ECTS2016 Poster Presentations Bone development/growth and fracture repair (35 abstracts)
UConn Health, Farmington, USA.
Periosteum contains mesenchymal progenitors and is essential for fracture healing. Signaling mechanisms governing periosteal reaction to injury remain largely unidentified. We previously investigated how PI3 kinase signaling affects the skeletal system using CblYF/YF knock-in (YF) mice wherein PI3K signaling is perturbed by abolition of interaction between Cbl, an E3 ubiquitin-ligase/adaptor protein, and p85 subunit of PI3K. YF mice displayed increased bone volume under homeostatic conditions and formed larger bony callus during fracture repair. Given these data and because PI3K regulates osteoblast differentiation, we hypothesized that aberrant PI3K signaling regulates fracture healing by modulating osteogenic commitment of periosteal progenitors upon injury. To visualize periosteal cells, WT-OsterixRFP or YF-OsterixRFP mice were generated and used as per IACUC protocols. Creation of stabilized femoral fractures in these mice and comparative histological analyses at days 1 and 3 post fracture revealed no changes in intact femoral periosteum.
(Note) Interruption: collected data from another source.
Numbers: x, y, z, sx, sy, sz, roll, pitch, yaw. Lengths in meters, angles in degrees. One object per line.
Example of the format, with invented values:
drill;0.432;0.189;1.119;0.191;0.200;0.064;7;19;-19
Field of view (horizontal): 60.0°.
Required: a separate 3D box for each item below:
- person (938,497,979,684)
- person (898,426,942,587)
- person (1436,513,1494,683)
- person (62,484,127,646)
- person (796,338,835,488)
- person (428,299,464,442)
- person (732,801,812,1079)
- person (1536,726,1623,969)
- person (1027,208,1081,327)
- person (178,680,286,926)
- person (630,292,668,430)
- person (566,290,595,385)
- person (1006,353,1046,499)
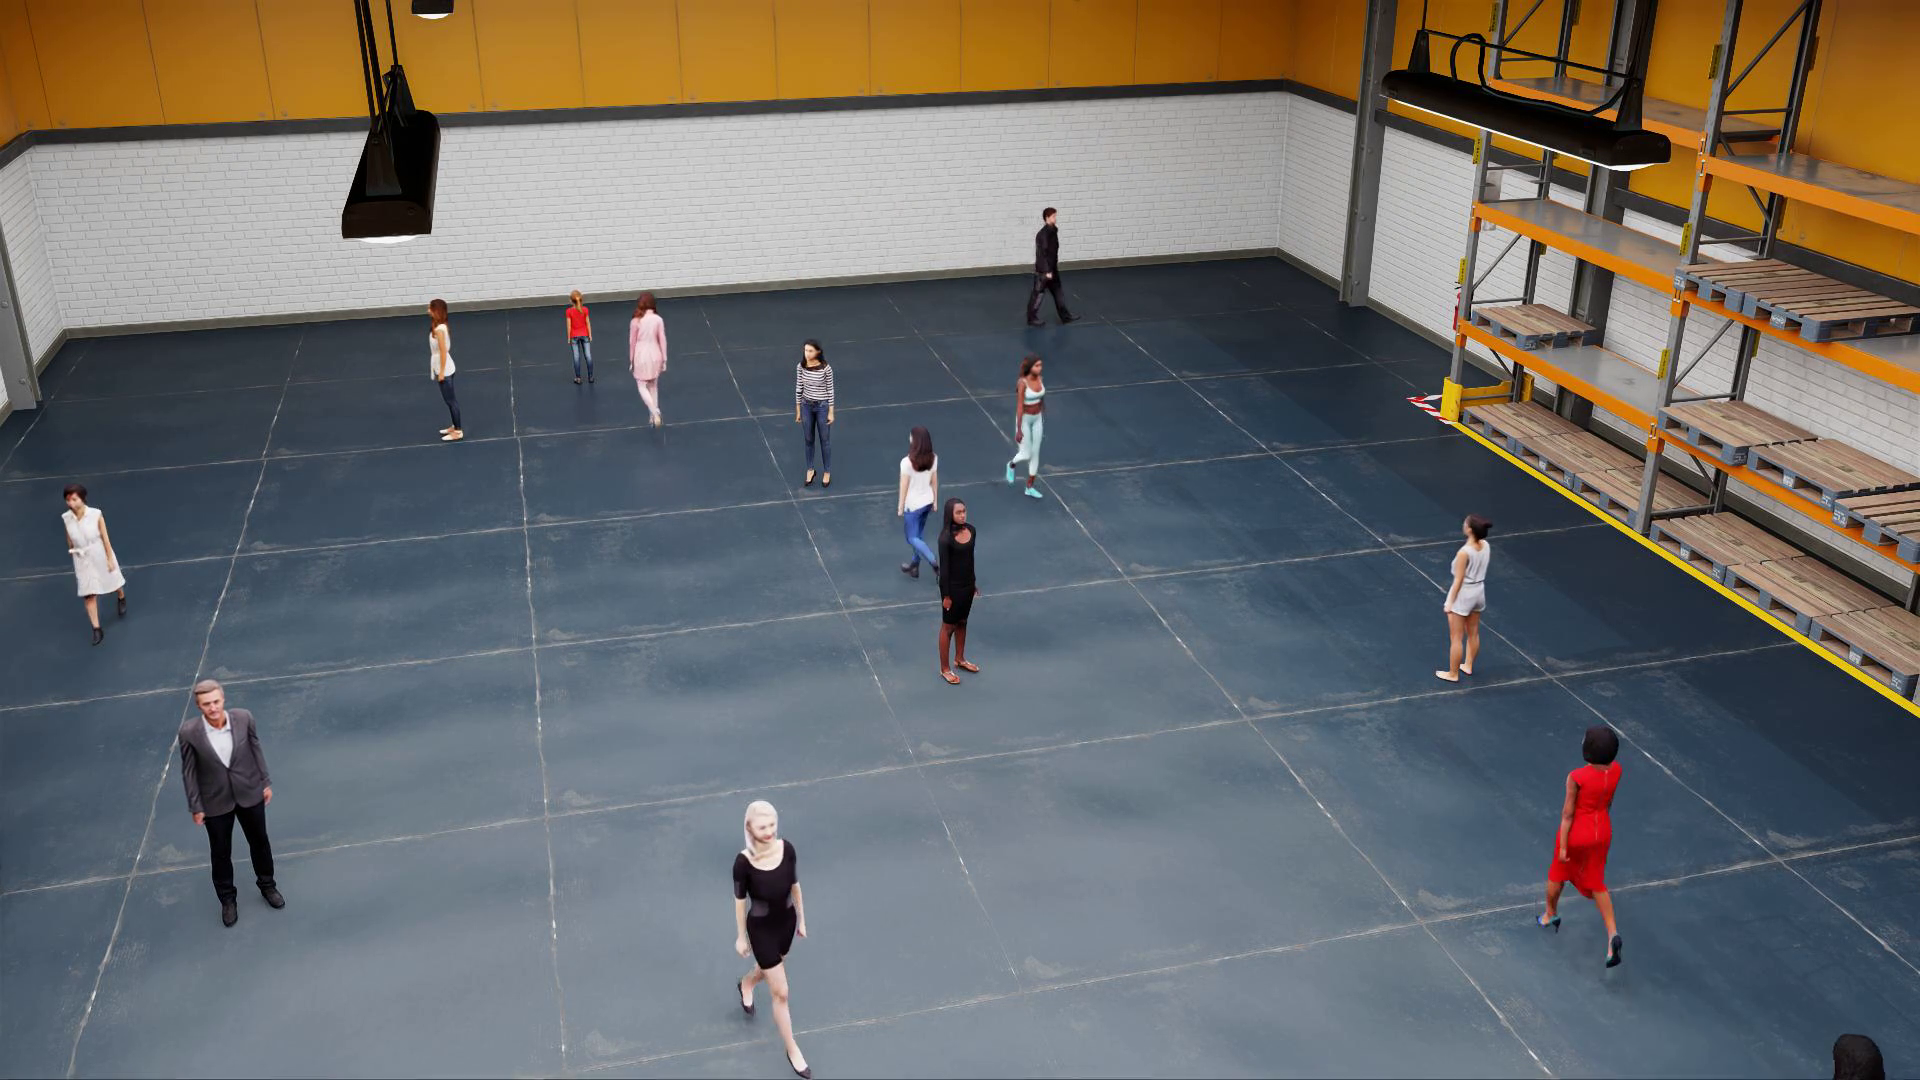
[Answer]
person;-0.025;0.429;14.906;0.705;1.721;0.684;18;29;35
person;-0.371;-0.296;16.634;0.916;1.665;1.091;-21;31;-40
person;4.538;0.505;14.877;0.647;1.604;0.667;-17;29;-34
person;-8.164;0.170;15.742;0.574;1.526;0.990;-5;24;-12
person;-1.655;-1.474;19.166;0.670;1.794;0.666;5;24;12
person;-6.391;-2.126;20.670;0.647;1.785;0.455;-7;25;-15
person;-1.214;2.394;10.324;0.902;1.790;1.214;-18;29;-35
person;4.249;2.068;11.163;0.573;1.715;1.031;-6;24;-13
person;1.225;-4.121;25.206;1.151;1.807;1.127;10;25;21
person;-5.105;1.789;11.645;0.805;1.840;0.745;-17;29;-34
person;-3.895;-2.194;20.831;0.726;1.781;0.959;-10;26;-22
person;-5.208;-2.789;22.778;0.496;1.311;0.525;-9;25;-19
person;0.738;-1.317;18.908;0.745;1.713;0.874;-17;29;-34

Interestingly, OsxRFP+ periosteal thickness in YF-OsxRFP mice was significantly increased over WT-OsxRFP in D1 fractured femurs (WT-28 μm, YF-57 μm, P<0.05, n=3) and D3 fractured femurs (WT-90 μm,YF-189 μm, P<0.05, n=6). OsxRFP+ periosteal cells in D3 fractured femurs were 1.6-fold higher in YF-OsxRFP over WT-OsxRFP. Osteogenic potential of injured periosteum was detected by alkaline phosphatase staining. ALP+ periosteum was increased in D1 fractured femurs (WT-35 μm, YF-50 μm, n=3) but showed threefold enhancement in D3 fractured femurs in YF-OsxRFP over WT-OsxRFP (WT-58 μm, YF-170 μm, P<0.05, n=6). Since PI3K signaling regulates cell proliferation, we examined periosteal proliferation upon injury by EdU labeling. 3 days post fracture, significantly more EdU+ periosteum was observed in YF-OsxRFP than WT-OsxRFP (WT-4%, YF-22%, P<0.05; n=3). Flow cytometric analysis of isolated periosteal cells revealed that in YF mice, fractures led to enhanced expression of MSC markers, Sca1 (Intact-5.5%, Fx-13.5%, P<0.05), CD29 (Intact-9.6%, Fx-20%, P<0.05) and CD105 (Intact-6.6%, Fx-12.1%, P<0.05) over intact femurs with no significant changes seen in WT (n=4). In conclusion, perturbed PI3K signaling, upon injury, promotes expanded, highly proliferative, Osterix+ periosteum with more MSC-like cells and enhanced osteogenic potential.